Bronfman said he will resume business on Tuesday at 5 p.m. with his annual party for the Toronto International Film Festival (TIFF). The 10-day festival overlaps this year with Rosh Hashanah and Yom Kippur — an overlap that also occurred in 2010 and 2013.

Other Jewish players in the Toronto film-making scene also said they would observe Rosh Hashanah, but declined to go on the record so as not to give their competitors an edge, The Hollywood Reporter said. Others said they will be trying their best to honor the holiday while still tending to business.

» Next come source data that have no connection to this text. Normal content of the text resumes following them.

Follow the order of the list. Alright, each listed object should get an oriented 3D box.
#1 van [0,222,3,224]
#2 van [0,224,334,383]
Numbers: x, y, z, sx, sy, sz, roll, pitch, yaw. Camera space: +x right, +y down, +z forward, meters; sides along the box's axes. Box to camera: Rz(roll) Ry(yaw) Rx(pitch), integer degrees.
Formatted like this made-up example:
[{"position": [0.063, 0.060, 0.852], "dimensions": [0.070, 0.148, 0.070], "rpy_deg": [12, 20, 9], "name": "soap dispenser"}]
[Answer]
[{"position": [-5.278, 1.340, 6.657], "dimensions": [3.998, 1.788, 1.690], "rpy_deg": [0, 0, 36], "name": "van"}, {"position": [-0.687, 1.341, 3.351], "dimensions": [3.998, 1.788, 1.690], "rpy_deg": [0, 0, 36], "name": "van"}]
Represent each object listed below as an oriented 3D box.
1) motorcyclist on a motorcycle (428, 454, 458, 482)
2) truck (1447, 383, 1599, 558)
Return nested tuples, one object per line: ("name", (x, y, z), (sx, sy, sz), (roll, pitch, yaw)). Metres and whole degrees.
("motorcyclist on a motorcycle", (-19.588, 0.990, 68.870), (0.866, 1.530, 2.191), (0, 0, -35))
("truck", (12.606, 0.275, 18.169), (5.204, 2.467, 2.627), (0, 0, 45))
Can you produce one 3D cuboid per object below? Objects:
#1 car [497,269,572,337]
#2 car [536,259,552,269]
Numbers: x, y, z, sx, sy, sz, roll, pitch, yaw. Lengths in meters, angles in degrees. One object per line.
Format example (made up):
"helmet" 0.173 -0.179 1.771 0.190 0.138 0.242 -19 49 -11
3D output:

Jeffrey Greenstein, president of international sales and distribution for Nu Image, said the TIFF conflict with the Jewish holidays results in some Jewish buyers not attending the film festival. However, he said, he does not have that option. Instead, he tries to manage the best way he can.

“One year 
I had to fly on Yom Kippur, and so I fasted on the plane and downloaded a siddur on my iPad to say my prayers while I had to travel,” he told The Hollywood Reporter. “This year, I tried to keep my dinner open on Rosh Hashanah to celebrate, but when Lionsgate U.K. couldn’t make our earlier time, naturally I agreed. I won’t stop doing business these days, but I will find a way to honor the holiday.”

DDA partner and president Dana Archer also admitted that she can’t afford to halt business because of Rosh Hashanah. Her company will screen four films on Sunday, making it their “busiest day,” she said.

“I can’t really slow down,” she said. “I will just have a lot of repenting to do post-TIFF, pre-Kippur.”